▶ [Data to use]:
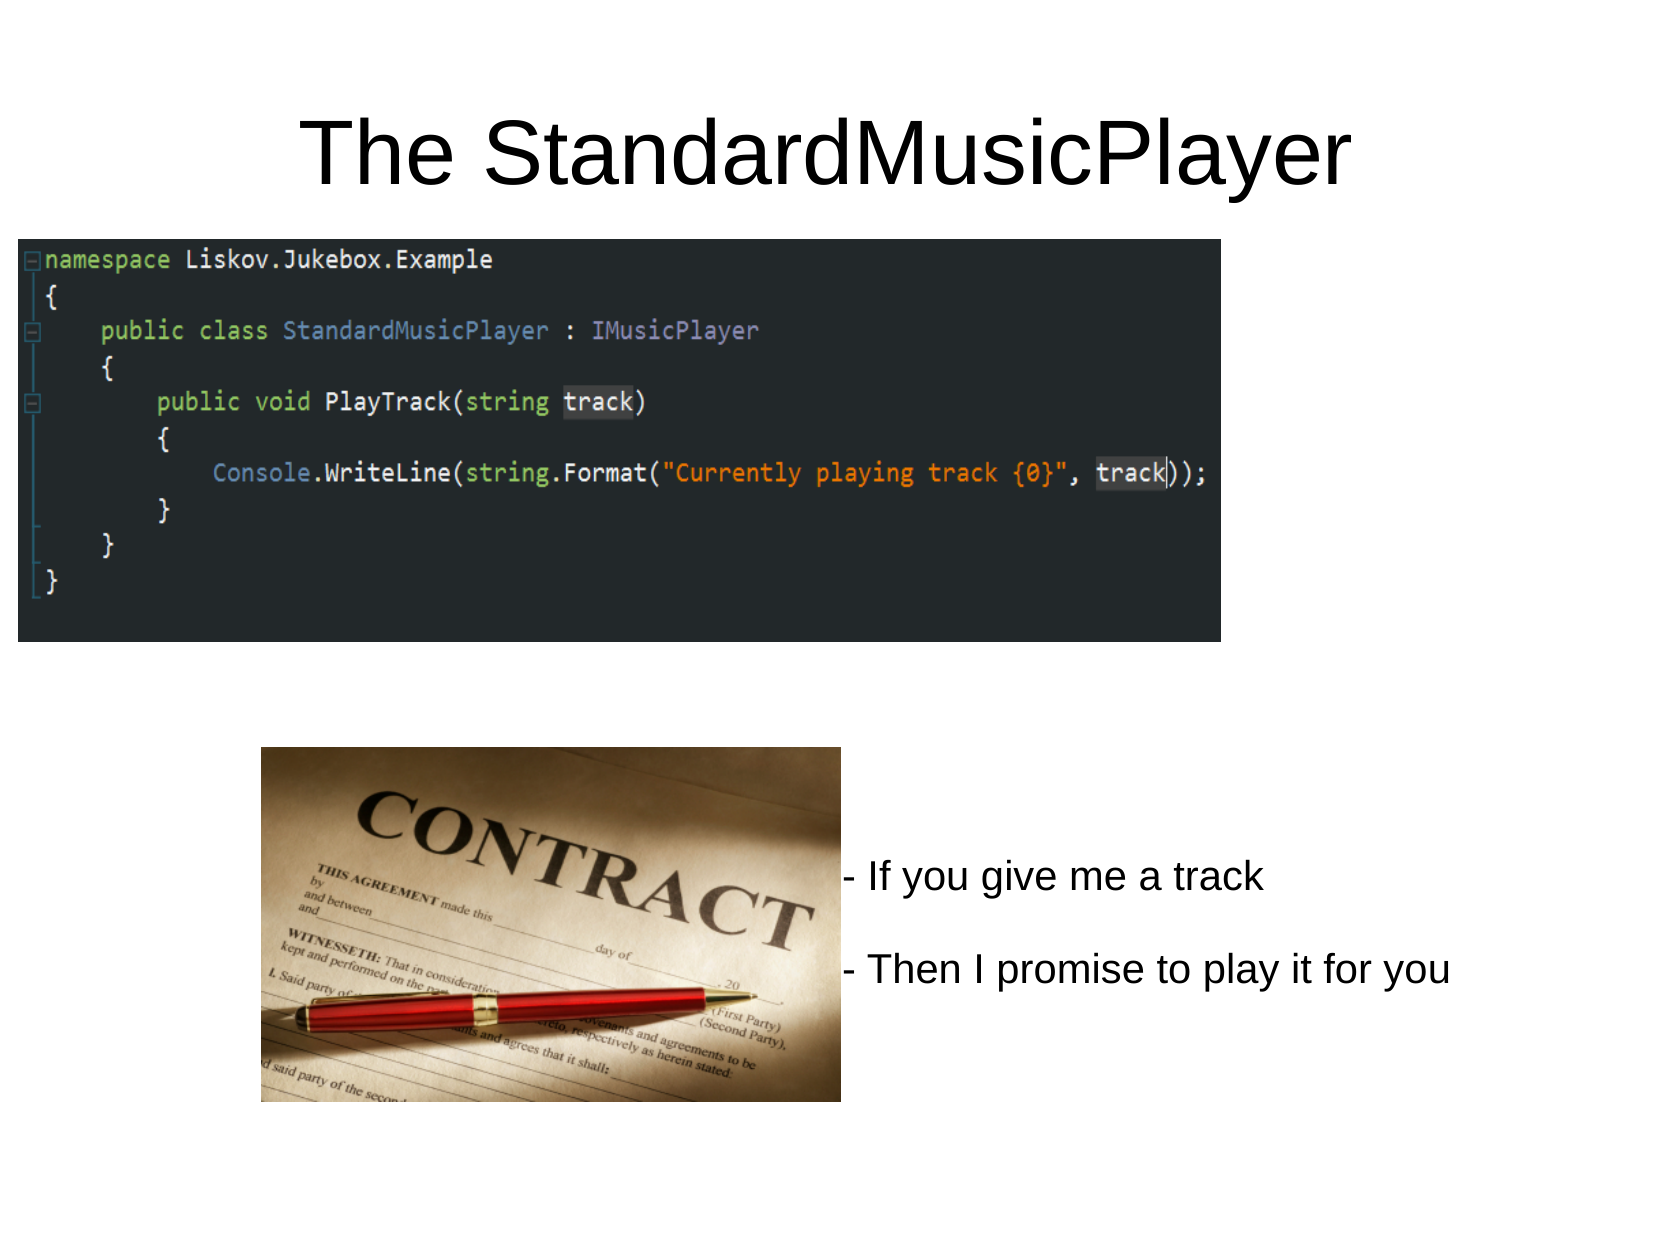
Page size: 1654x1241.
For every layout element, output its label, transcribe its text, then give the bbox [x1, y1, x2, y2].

title The StandardMusicPlayer [82, 49, 1571, 257]
text_box - If you give me a track - Then I promise to play it for you [842, 819, 1478, 1026]
picture [261, 747, 841, 1102]
picture [18, 239, 1221, 642]

▶ [Work required]: All of the material shown above needs to be duplicated exactly. Omit every picture.

▶ [Reply to the task]:
Page size: 1654x1241.
For every layout element, output its label, transcribe its text, then give the bbox [x1, y1, x2, y2].

title The StandardMusicPlayer [82, 49, 1571, 257]
text_box - If you give me a track - Then I promise to play it for you [842, 819, 1478, 1026]
picture [261, 747, 841, 1102]
picture [18, 239, 1221, 642]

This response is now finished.